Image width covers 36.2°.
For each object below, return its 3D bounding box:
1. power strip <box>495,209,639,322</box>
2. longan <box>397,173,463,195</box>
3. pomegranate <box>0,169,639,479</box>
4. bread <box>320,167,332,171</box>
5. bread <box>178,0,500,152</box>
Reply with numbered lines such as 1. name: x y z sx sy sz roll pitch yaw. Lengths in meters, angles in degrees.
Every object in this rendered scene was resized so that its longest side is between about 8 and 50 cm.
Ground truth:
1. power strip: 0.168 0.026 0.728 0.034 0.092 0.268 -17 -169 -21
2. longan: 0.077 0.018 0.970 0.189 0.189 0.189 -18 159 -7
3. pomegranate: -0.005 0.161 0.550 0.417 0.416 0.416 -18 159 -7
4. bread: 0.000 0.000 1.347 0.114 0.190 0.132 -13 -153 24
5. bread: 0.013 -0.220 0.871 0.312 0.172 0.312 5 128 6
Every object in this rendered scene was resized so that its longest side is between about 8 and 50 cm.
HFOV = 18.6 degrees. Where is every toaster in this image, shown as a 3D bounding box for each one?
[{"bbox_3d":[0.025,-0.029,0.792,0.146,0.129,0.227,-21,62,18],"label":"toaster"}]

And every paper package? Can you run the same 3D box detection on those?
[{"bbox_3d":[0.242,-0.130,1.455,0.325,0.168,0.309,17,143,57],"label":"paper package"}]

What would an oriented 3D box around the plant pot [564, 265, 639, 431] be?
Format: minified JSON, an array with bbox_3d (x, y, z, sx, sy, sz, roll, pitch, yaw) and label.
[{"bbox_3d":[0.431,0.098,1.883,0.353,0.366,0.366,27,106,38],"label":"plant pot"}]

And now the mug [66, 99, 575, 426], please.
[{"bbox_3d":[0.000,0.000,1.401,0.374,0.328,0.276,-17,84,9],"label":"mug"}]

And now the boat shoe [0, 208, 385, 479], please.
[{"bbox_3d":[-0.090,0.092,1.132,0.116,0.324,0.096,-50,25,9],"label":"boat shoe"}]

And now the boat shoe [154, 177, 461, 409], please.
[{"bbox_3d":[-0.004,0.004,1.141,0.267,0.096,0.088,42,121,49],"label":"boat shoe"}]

* * *

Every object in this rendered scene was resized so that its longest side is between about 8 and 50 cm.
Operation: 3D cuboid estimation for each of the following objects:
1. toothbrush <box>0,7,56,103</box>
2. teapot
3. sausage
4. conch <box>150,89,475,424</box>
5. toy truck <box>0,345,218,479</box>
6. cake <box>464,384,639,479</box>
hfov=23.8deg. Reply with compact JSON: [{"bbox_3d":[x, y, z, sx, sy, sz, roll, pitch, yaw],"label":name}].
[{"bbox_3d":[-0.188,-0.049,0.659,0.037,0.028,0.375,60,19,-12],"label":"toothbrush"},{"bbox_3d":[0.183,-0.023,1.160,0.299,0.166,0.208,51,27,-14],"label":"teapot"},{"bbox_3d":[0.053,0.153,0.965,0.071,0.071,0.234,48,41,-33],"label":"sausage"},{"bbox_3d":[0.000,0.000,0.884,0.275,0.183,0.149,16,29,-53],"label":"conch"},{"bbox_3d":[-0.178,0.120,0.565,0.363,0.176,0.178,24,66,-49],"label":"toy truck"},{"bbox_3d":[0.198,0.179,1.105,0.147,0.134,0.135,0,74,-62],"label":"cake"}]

==

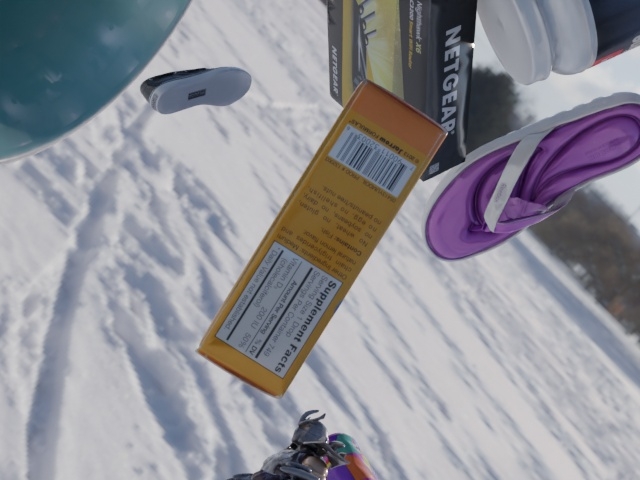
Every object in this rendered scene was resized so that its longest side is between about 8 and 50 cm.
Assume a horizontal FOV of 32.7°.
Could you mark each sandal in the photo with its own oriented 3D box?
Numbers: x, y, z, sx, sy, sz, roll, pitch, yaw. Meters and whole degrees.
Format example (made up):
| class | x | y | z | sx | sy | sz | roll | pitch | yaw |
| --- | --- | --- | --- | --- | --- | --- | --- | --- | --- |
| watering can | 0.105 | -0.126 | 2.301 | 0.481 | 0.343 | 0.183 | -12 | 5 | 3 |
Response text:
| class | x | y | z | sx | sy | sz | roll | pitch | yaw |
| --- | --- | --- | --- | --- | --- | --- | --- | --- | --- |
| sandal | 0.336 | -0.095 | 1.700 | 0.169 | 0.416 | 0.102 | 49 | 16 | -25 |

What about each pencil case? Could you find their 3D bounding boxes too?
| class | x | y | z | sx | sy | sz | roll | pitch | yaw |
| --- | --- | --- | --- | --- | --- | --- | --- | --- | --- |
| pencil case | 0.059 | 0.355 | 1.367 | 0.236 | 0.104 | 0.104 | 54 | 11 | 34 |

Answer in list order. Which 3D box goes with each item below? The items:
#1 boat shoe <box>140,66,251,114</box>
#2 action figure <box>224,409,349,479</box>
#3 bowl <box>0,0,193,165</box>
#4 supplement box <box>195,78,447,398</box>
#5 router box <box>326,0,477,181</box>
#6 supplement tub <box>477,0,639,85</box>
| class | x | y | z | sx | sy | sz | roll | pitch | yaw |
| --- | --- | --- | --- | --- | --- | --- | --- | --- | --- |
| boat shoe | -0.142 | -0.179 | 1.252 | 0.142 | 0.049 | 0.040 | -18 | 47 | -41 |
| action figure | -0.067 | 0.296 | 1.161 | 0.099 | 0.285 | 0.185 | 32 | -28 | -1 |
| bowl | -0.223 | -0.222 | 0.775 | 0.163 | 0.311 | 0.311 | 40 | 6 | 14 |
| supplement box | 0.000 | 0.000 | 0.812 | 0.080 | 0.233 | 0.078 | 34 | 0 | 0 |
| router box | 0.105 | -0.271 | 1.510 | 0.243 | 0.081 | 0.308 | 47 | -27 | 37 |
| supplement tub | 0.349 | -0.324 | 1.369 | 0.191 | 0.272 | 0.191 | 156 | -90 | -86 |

Exercise goal ▸ From the records above, pull out every line containing the word "below".

Result for this task ▸
For each object below, return its 3D bounding box:
Answer in list order. Which 3D box goes with each item below? The items:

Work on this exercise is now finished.